Писсуар в галерее
Марсель Дюшан и Первая мировая
Знаете этот страшный момент в фильмах, когда в минуту опасности герой вдруг начинает дико хохотать? Или ходить на руках, вместо того чтобы бежать? Или выкидывает любую другую неожиданность, потому что холодный разум покинул его?
Во время Первой мировой с художниками творилось что-то похожее. Мир дрожал и ломался, а художники хохотали. Эта защитная реакция стоила искусству старых идеалов: например, француз Марсель Дюшан, абсолютно не стесняясь, пририсовал легендарной «Моне Лизе» усики и бородку.
Дюшан был дадаистом, а дадаисты первыми заявили, что красота в искусстве — не главное. Поэтому они тащили в музеи все, что под руку попадется: тот же Дюшан однажды выставил в галерее писсуар. Так художники заявляли: старого мира больше нет, а новому миру нужно новое искусство.
Искусство из грязи и ужаса
Ансельм Кифер и Холокост
«Искусство — это сложно», — говорит современный немецкий художник Ансельм Кифер. Те, кто бывал на выставках Кифера, добавили бы, что это еще и мрачно. Но какой мир — такое и искусство.
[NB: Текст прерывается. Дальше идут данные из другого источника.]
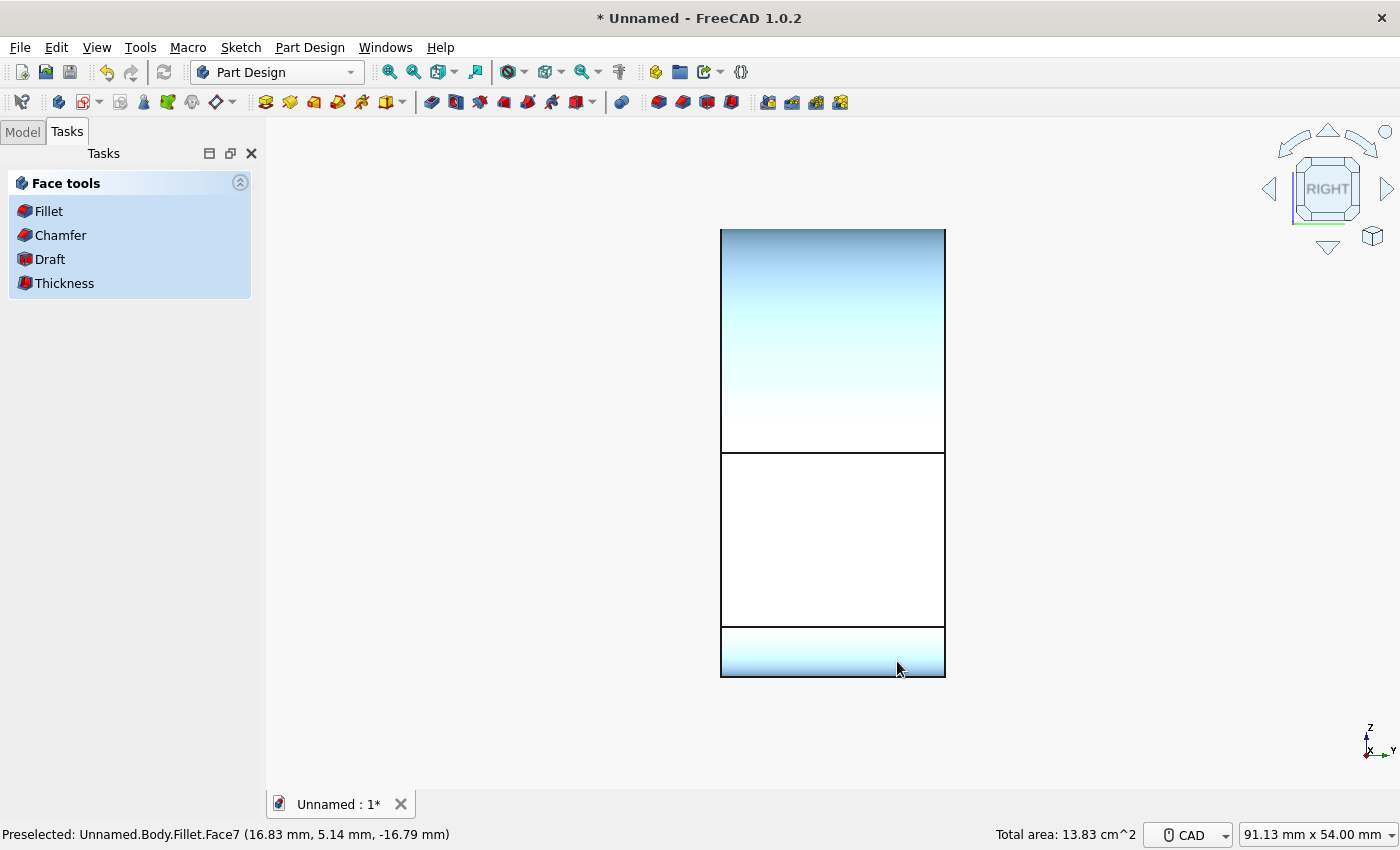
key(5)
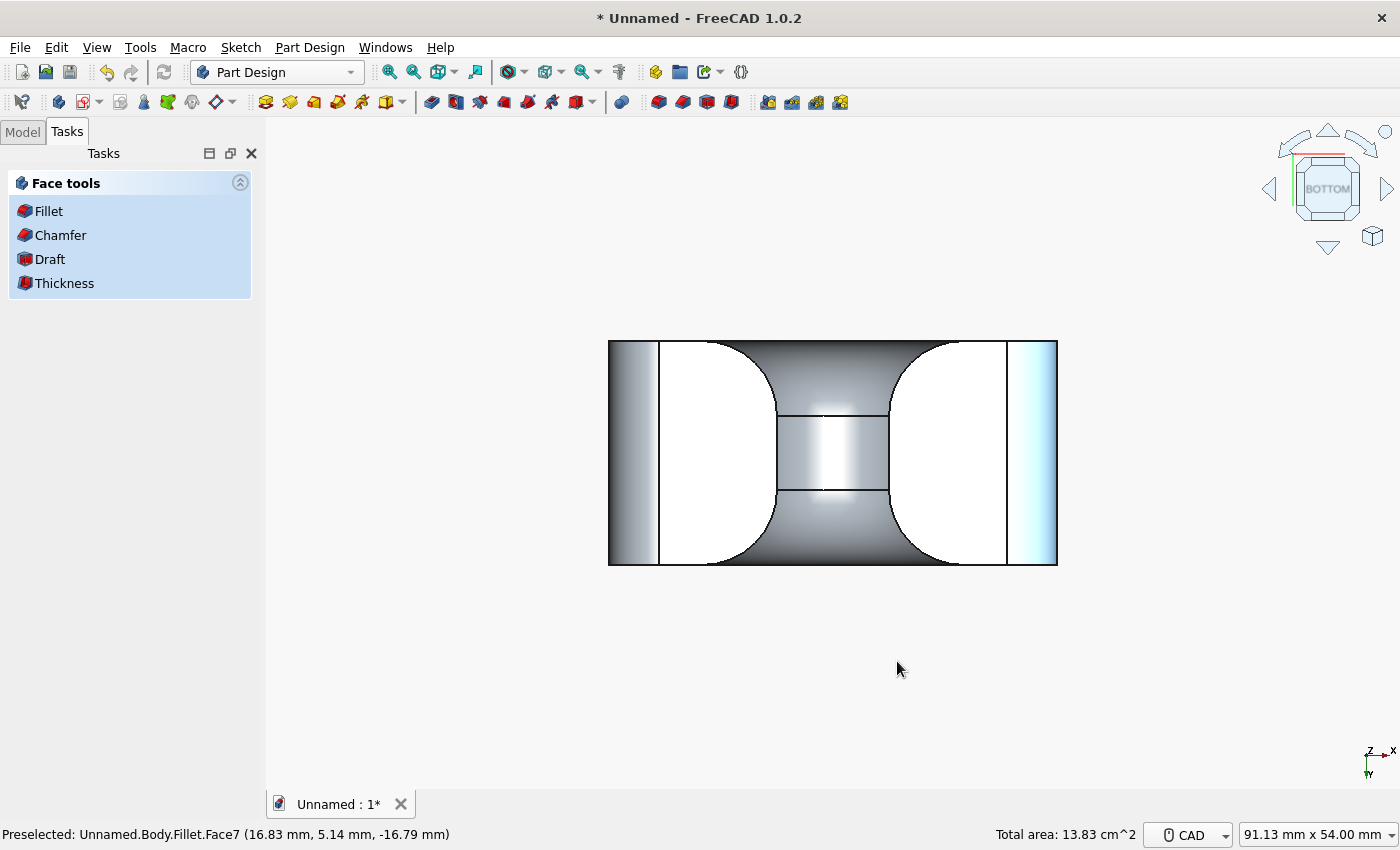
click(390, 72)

Раны XX века еще кровоточат, и художники обрабатывают их своим творчеством, чтобы ничего не загноилось. Ансельм Кифер родился под последними бомбежками Второй мировой, и всю жизнь посвятил размышлениям о той мясорубке, в которую превратился мир к моменту его рождения. Но он, как и многие художники второй половины XX века, увидел в современных грязи и ужасе почву для великого искусства.
И это искусство не оплакивает мертвых, оно помогает живым понять, что не нужно множить зло.
Картина из этикетки с консервной банки
Энди Уорхол и культура потребления
Не будем множить зло — будем получать удовольствия. Примерно под таким девизом существовал поп-арт. Пока одни художники страдали над абстрактными полотнами, художники вроде Энди Уорхола рисовали новую картинку счастья.
Америка меньше других стран выдохлась во время Второй мировой, а потому после войны страну захлестнул бум потребления. Яркий с леденцовыми бликами кабриолет стал воплощением американской мечты. Стиральная машина и холодильник, тостер и телевизор и бесконечная реклама все новых и новых материальных благ. Поэтому поп-арт не утруждал себя придумыванием оригинальных образов.
Энди Уорхол, например, взял банку супа «Кэмпбелл» буквально с полки супермаркета и сделал из этого изображения картину. А потом и вовсе отказался от ручного труда и стал печатать свои работы на станке. Если все вокруг что-то производят и потребляют, почему бы не сделать из искусства бизнес-машину?
«Карикатуры» на известные картины
«Лондонская школа» и послевоенный мир
А вот по другую сторону океана, в туманном Лондоне, художников меньше всего заботило, что человек ест и на чем ездит на работу. Фрэнсиса Бэкона, Люсьена Фрейда и других живописцев так называемой лондонской школы интересовало человеческое тело, но не как потребителя, а как создание, которое в любой момент может исчезнуть под лопастями очередной жестокой войны. На этих полотнах даже самые сильные, властные и могущественные существа дрожат от страха перед новым миром.
Например, у Фрэнсиса Бэкона есть полотно «Кричащий папа», созданное по мотивам «Портрета папы Иннокентия X» кисти великого испанского художника XVII века Диего Веласкеса. Только Бэкон лишает Иннокентия X спокойствия и заставляет его кричать. О чем? О том, как страшно жить, конечно.
Скульптуры, изъеденные червями
Братья Чепмены и эпоха соцсетей
За недавним пожаром в Нотр-Даме следили миллионы людей по всему миру. И пусть многие из них никогда не видели собор вживую, у них была возможность наблюдать за его смертью в прямом эфире.
Соцсети и круглосуточное ТВ-вещание сделали любую трагедию близкой, и сегодня нас уже не удивишь фотографиями авиакатастрофы или видео с места теракта. Кровь и мясо, которые преследовали в кошмарах всякого, кто побывал на войне, сегодня — безобразная, но привычная картинка.
Художники вроде братьев Чепменов приносят это безобразие в музеи, вызывая негодование у любителей Рафаэля и Ван Гога. Да, скульптуры людей, изъеденных мухами и червями, не могут вызвать эстетического восторга. Но они снова и снова напоминают нам: человек смертен, и внезапно смертен, и часто — по чьей-то чужой, жестокой и бессмысленной воле.